- Origin: Portland, Oregon Minneapolis, Minnesota, U.S.
- Genres: Alternative country
- Years active: 1988—1998
- Labels: Restless Records (US) Glitterhouse (Europe)
- Past members: Carey Kemper Kelly Bell Barry Haney Christopher Wolff Diesel Tucker
- Website: soundcloud.com/kellybell/sets/shivers101

= The Shivers (1990s band) =

American alt-country band

The Shivers were an American alternative country group. They were formed in 1989 in Austin, Texas by founding members Carey Kemper and Kelly Bell, and released two albums internationally on Restless Records (US) and Glitterhouse Records (Europe) in 1994 and 1996. Though originally from Austin, they were primarily based alternately out of Portland, Oregon and Minneapolis, Minnesota. The band applied for and was granted copyright status for the brand (™) The Shivers in 1994.

The Shivers were very favorably reviewed for their work in Rolling Stone in both the United States and in Europe. Their first record, The Shivers, was released in 1994 to widespread positive response both in the US and the UK, and their second record, The Buried Life (Restless 72915–2) was released in 1996, where it was praised by the alternative country movement both in the US and Europe. It was named to the Top-10 Best Albums of 1996 by Country Guitar magazine, and New Country, Mojo and Alternative Press also praised it. and others) Both albums were recorded by Tom Herbers at his Third Ear Studios in Minneapolis and at Dead Aunt Thelma's Studio in Portland.

==History==
The band was an early alt-country groundbreaker, touring widely and continuously in the US for several years, including the SXSW Music Conference three years running (1994–1996, the New Music Seminar (1995), the Northwest Independent Music Conference (1996) and NXNW (1997).

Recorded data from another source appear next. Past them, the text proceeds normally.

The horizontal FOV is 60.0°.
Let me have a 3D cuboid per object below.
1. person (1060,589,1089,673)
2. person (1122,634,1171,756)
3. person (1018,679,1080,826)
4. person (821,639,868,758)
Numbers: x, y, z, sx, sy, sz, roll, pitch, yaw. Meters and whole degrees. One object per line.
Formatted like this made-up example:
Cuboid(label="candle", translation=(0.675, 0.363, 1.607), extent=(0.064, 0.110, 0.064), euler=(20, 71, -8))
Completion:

The founding members of the band were Carey Kemper (guitars, songwriter, vocals), Kelly Bell (bass, songwriter, vocals, acoustic guitar) and Barry Haney (drums), and this lineup produced the two above-mentioned records, as well as two earlier recordings, a self-released, self-titled cassette, and a 7" single "Almost Gone" b/w "Love Other Gone", both in 1992.

Founding member Kelly Bell received her bachelor's degree in Linguistics from UT Austin and is the Founder and CTO of Gotham City Drupal, a Drupal CMS development cooperative.

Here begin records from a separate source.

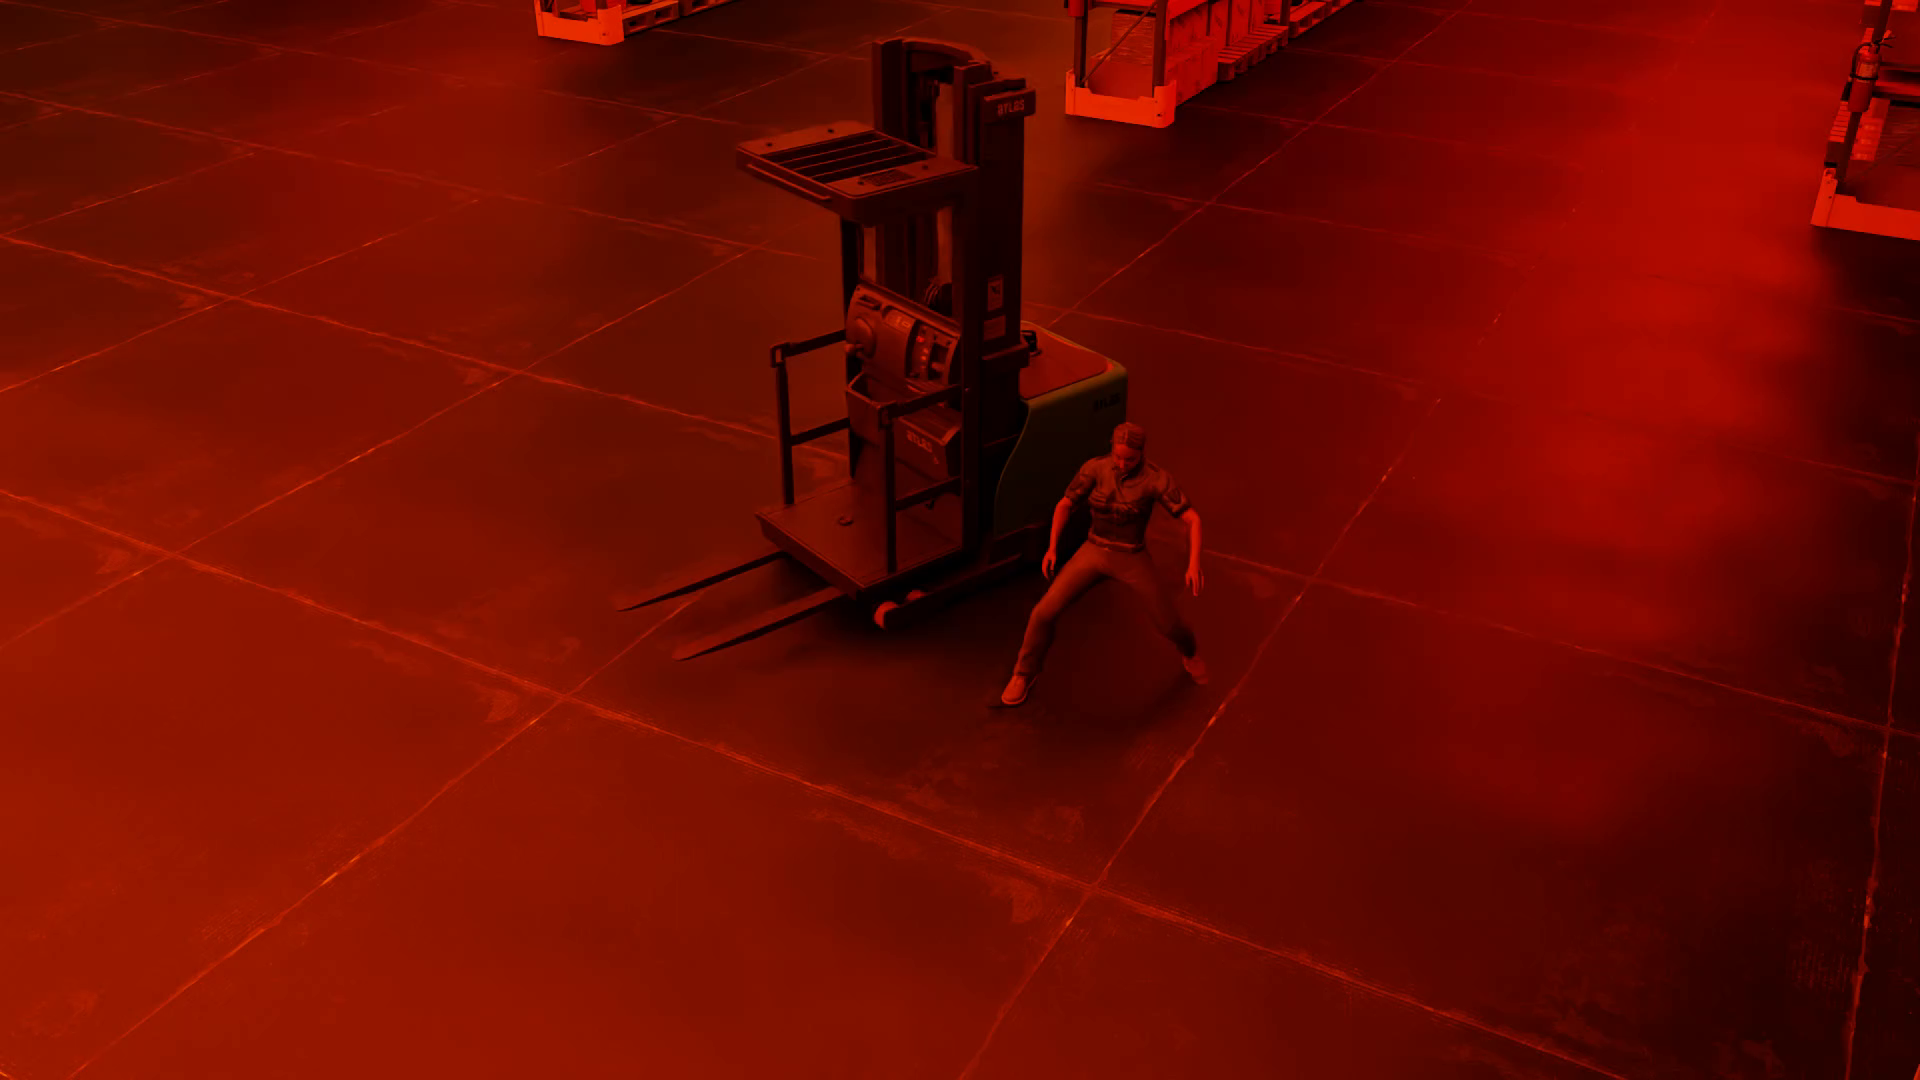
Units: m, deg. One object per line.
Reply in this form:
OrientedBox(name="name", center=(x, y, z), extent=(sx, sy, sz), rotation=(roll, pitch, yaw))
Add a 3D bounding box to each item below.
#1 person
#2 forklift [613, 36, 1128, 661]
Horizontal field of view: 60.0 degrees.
OrientedBox(name="person", center=(0.795, 0.117, 8.370), extent=(0.961, 1.516, 0.887), rotation=(11, 32, 18))
OrientedBox(name="forklift", center=(-0.479, -1.064, 8.914), extent=(3.031, 2.935, 1.130), rotation=(-22, 37, -33))
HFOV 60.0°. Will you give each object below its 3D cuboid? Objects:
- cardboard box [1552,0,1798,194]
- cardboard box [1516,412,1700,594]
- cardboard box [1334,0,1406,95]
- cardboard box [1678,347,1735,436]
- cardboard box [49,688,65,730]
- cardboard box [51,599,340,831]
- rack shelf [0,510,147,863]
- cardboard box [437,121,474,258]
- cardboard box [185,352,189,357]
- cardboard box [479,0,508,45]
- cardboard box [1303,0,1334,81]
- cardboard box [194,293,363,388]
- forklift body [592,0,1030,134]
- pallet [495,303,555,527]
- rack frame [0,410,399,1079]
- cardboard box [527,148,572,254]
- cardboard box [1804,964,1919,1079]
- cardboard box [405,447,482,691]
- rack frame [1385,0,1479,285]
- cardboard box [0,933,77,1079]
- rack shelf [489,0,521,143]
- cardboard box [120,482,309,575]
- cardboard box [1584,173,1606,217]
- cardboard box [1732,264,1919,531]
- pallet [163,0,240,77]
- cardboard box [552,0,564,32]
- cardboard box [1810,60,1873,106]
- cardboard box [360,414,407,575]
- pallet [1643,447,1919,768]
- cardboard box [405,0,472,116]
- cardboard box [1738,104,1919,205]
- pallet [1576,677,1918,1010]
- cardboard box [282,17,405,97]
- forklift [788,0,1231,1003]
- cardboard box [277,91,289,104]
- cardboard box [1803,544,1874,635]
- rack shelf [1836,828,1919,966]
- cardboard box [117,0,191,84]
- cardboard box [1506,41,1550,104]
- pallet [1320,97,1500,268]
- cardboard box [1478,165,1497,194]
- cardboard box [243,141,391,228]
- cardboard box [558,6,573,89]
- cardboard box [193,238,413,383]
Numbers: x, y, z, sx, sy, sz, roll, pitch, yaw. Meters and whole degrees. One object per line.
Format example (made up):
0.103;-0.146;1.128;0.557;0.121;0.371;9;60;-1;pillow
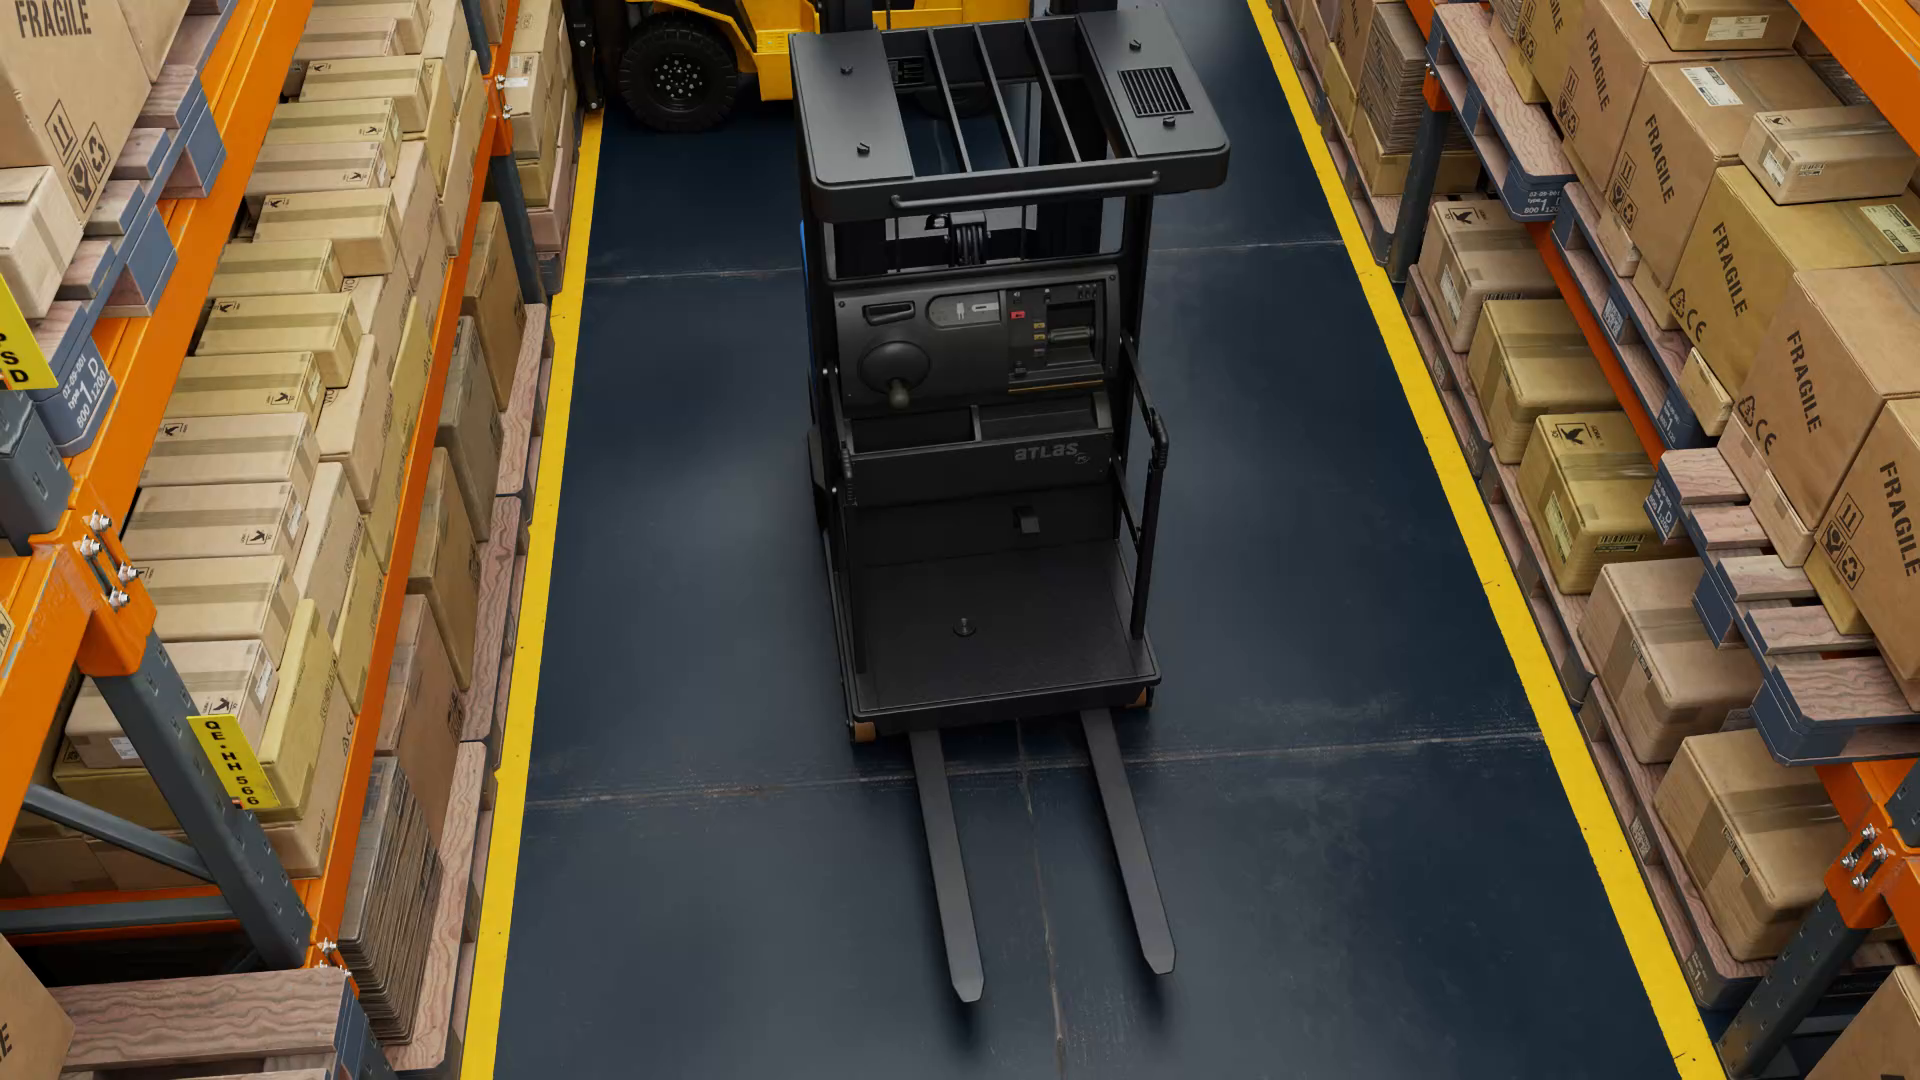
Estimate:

In early 1997, Restless Records dropped the band and The Shivers broke up shortly after playing the first NXNW Conference in October 1997, ending their career by releasing an independent CD titled "v3.5", recorded by Joash Gallagher in Portland.

==Discography==
===The Shivers ===
Recording Information about The Shivers CD (Restless UPC:018777277723 )

====Track listing====
1. Silver City Train
2. Rivers
3. Almost Gone
4. Never Leave Nevada
5. Love Other Gone
6. When I Fall
7. Good As Things Are
8. Things Change
9. Gentle
10. Red Cats
11. Heart Of Texas Blues
12. Dreamtime With A Wanted Man

====Details====
- Producer: The Shivers, Tom Herbers
- Distributor: Ryko Distribution
- Recording type: Studio
- Recording mode: Stereo
- SPAR Code: n/a

====Album notes====
The Shivers: Carey Kemper (vocals, guitar, violin), Kelly Bell (vocals, bass, acoustic guitar), Christopher Wolff (drums, percussion).
Additional personnel: Barry Haney, Diesel Tucker (drums).
Recordists: Tom Herbers (tracks 1-2, 4, 6-12); Jason Orris (tracks 3, 5).